Его тело, поникнув, подрагивало на мягком автобусном сидении.
В далеком Бейруте.
Но дух его метался по Ашкелонской больнице, от Хаи к врачу, от врача к маме Риве, от мамы Ривы к двоюродному брату Хаиму.
Хая бросилась к телефону-автомату.
Моисей подставил руки. Но так и не смог принять даже на мгновение младенца, чтобы ей было легче набирать на ускользающем от пальца диске заветные цифры. Его сына принял на руки Хаим.
— Алло! Алло! — скороговоркой произносила Хая. — Скорая помощь? Скорая, скорей, сюда! Адрес? Ах, да — адрес! Записывайте! Ашкелонская городская больница! Родильное отделение!
И тут младенец, будто отказываясь от медицинской помощи, самостоятельно подал голос. Пронзительный и сильный — голос человека, вернувшего к жизни. Почему «вернувшегося к жизни»? Потому что Моисею показалось, что это был его голос…
— Живи, малыш! — сказал он тихо, зная, что его никто уже не услышит.
… В Израиле стояло жаркое лето, рекордное по количеству родившихся израильтян.
Жаркое лето достопамятного 1983 года — время затяжной войны в Ливане и бессрочной забастовки врачей.
РЕЗЕРВИСТЫ РУССКОГО БАТАЛЬОНА
Светящиеся фары металлических громад — автобусы и частные машины — осветили весь невеликий пятачок поселенческого плаца. Треножник — в центре, на нем — перевернутая каска, в каске огонь. В огне — отчетливое бормотанье молитвы: «барух ата адонай, алохейну мелех ба олам…»
И невероятно четко:
— Да отсохнет моя рука, если позабуду тебя, Иерусалим!
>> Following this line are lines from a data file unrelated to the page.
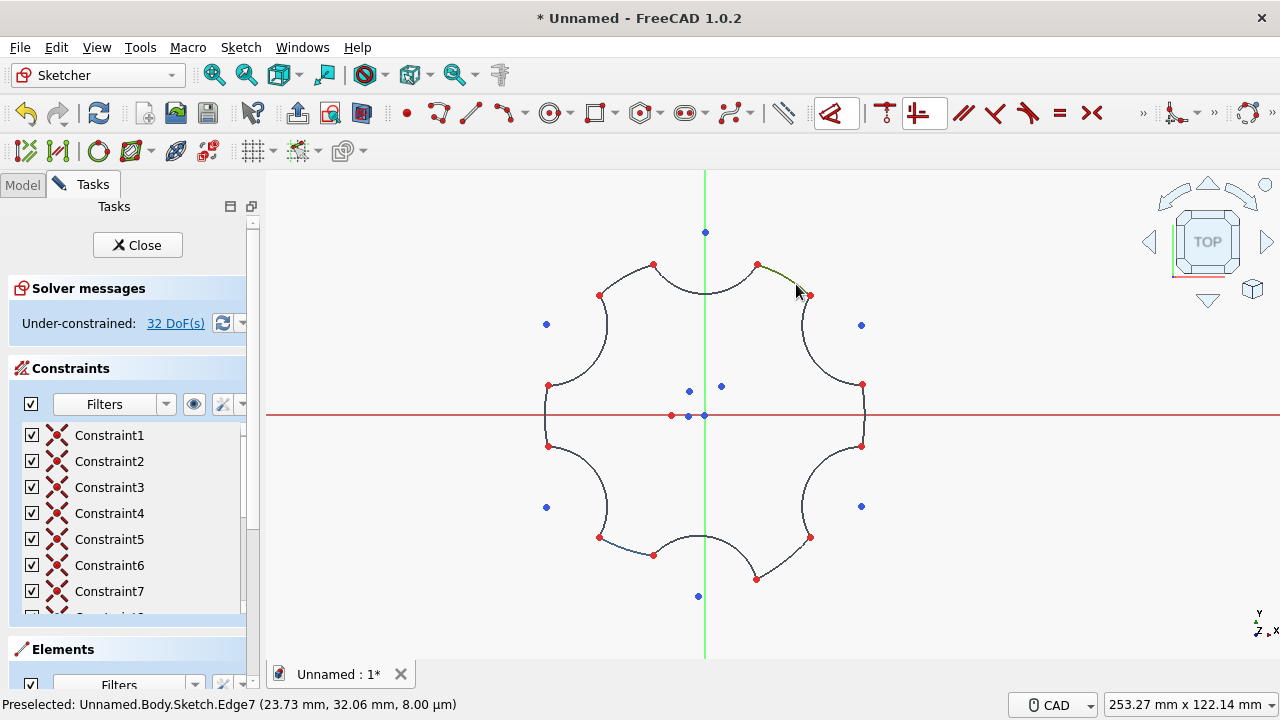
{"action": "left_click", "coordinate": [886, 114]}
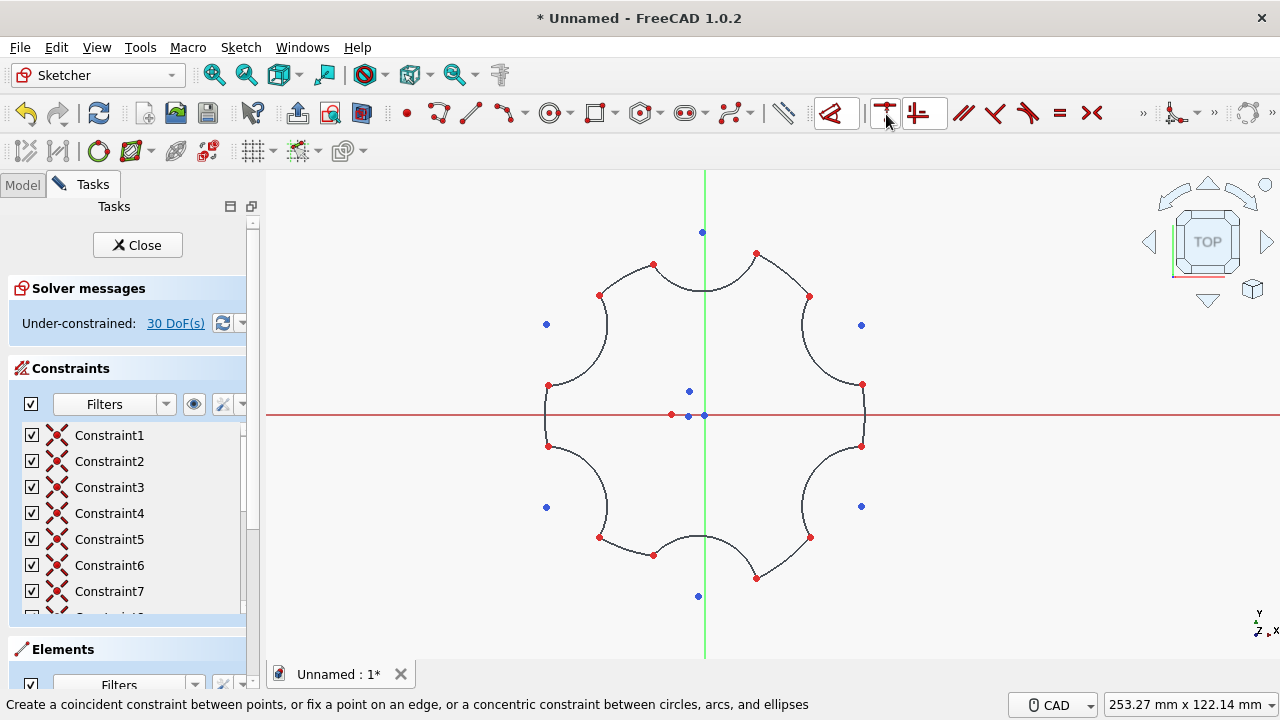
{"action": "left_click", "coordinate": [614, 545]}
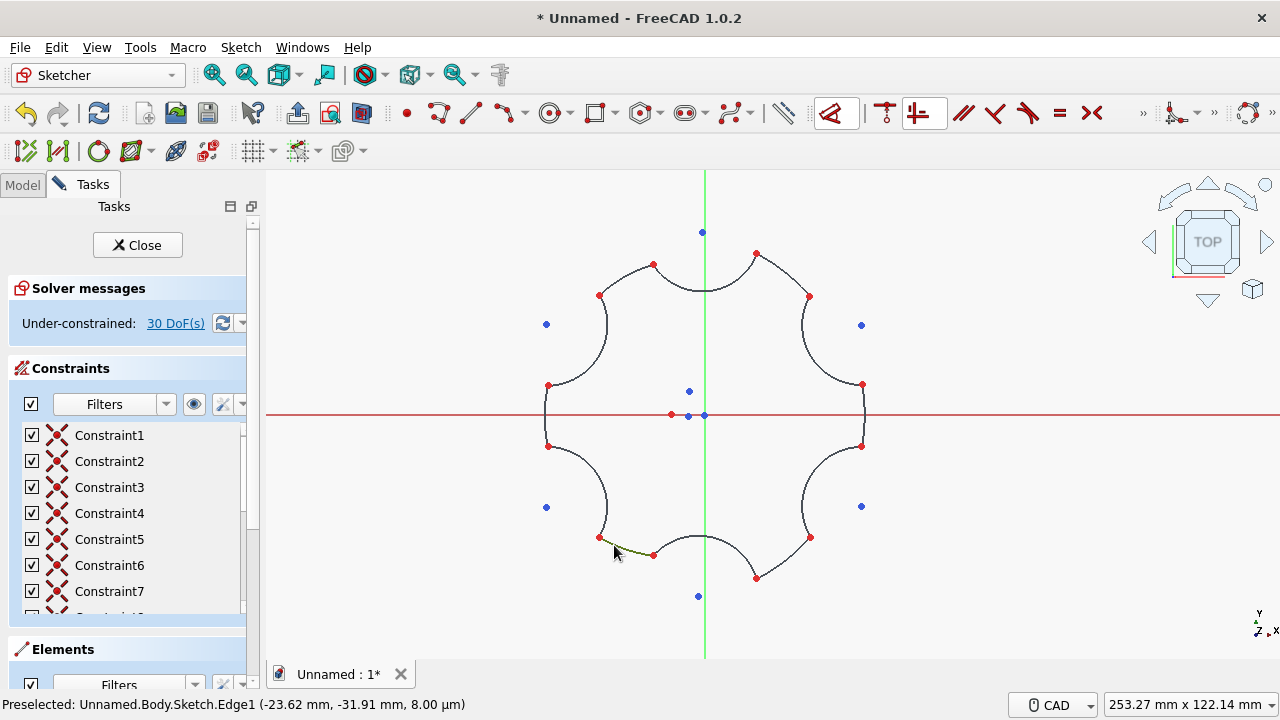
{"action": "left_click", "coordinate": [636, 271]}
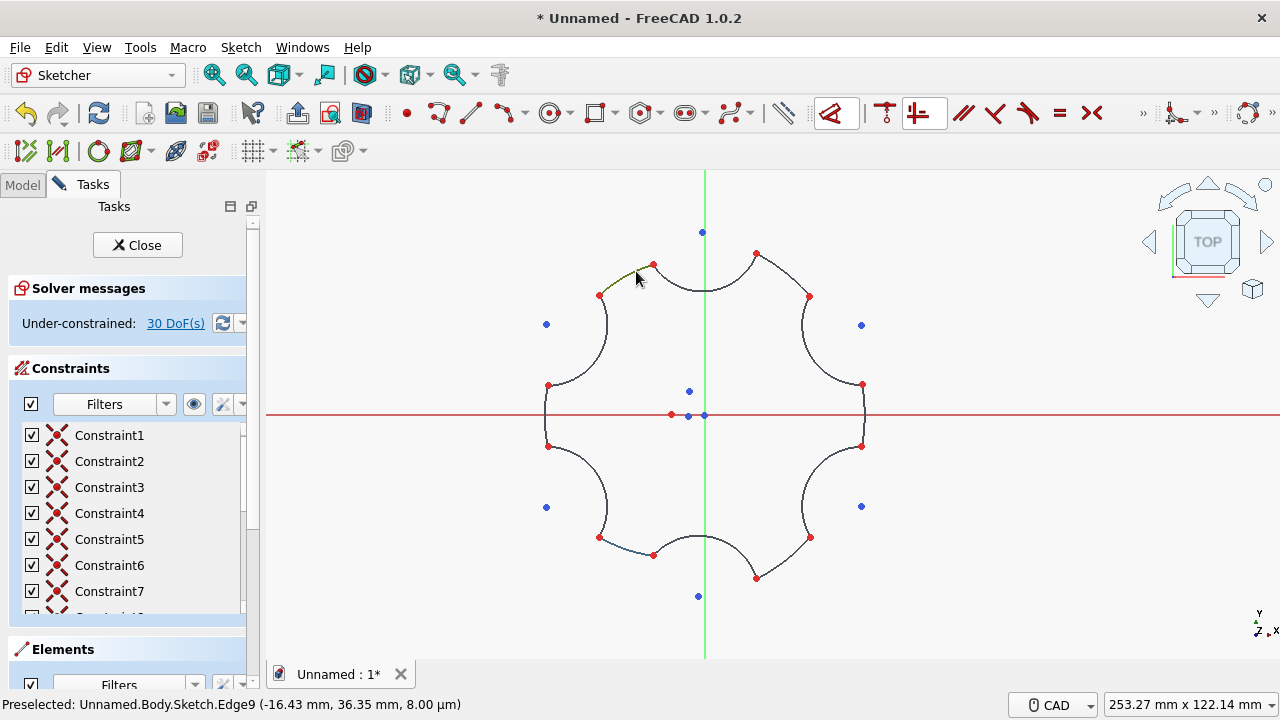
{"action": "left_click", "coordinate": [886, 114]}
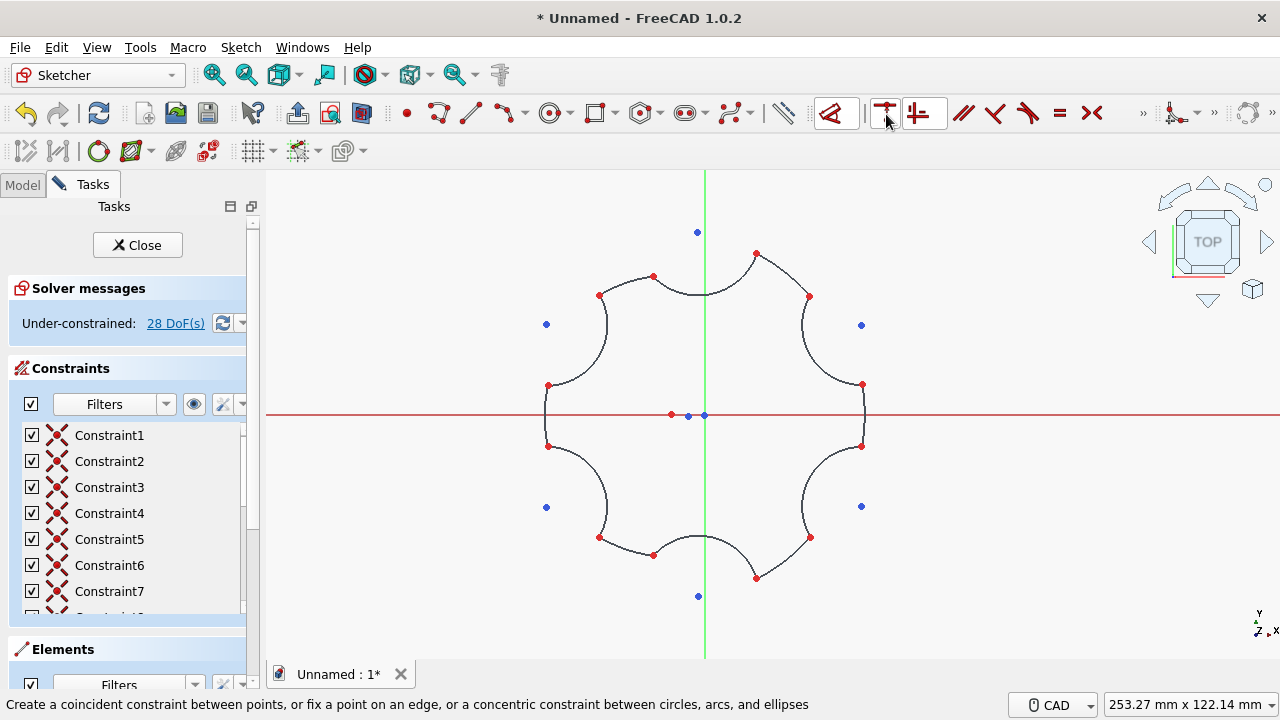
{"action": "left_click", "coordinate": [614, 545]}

Яша взял за руку смуглого человека с автоматом «узи», стоявшего у горящей огнем каски.
— Мы прибыли. Хватит молиться.
— Ты о чем? — не понял, повернул к нему лицо человек с автоматом «узи» — внешне похожий на «индуса» и такой же худой.
— Нам нужно помещение.
— Пойдем в синагогу.
— Ты в синагогу, а мы — в помещение!
Цепочкой развернулись резервисты по шоссейной тропке поселения. Один за другим вошли в бетонный барак, именуемый жильем. Скинули солдатские мешки на выложенный серыми квадратными плитками пол, начали вынимать всякие разности — зубочистки, баночки с кремом, флаконы с одеколоном, патроны, гранаты со слезоточивым газом.
Ицик заглянул в холодильник, стоявший возле газовой плиты.
— Сменщики не подвели.
В холодильнике были яйца, пачки с молоком, красные перцы рядом со связкой бананов, а над всем этим великолепием — добрый кусок мяса.
— Всех расстрелять! — обрадовался Ицик, будто это он воздвиг этакий мемориал для желудка. — Каждому, кто войдет — памятник! Стопарь — путь к бессмертию!
— Будем жить, евреи! — подытожил Яша, и нож свой, сибирской закалки, метнул — не промахнулся — в прическу довольной жизнью какой-то американской певицы. — Приколка!
Кто не знает эти плакаты — вечные спутники солдатской жизни…
Ицик жарил яичницу. Банку с сосисками вскрывал «индус» Ходу. Кудрявый «грузин» Горали вынимал шампуры из спортивной сумки.
— Ребята, — сказал Яша. — Я пройдусь по задворкам. Прикину, на каком свете находимся.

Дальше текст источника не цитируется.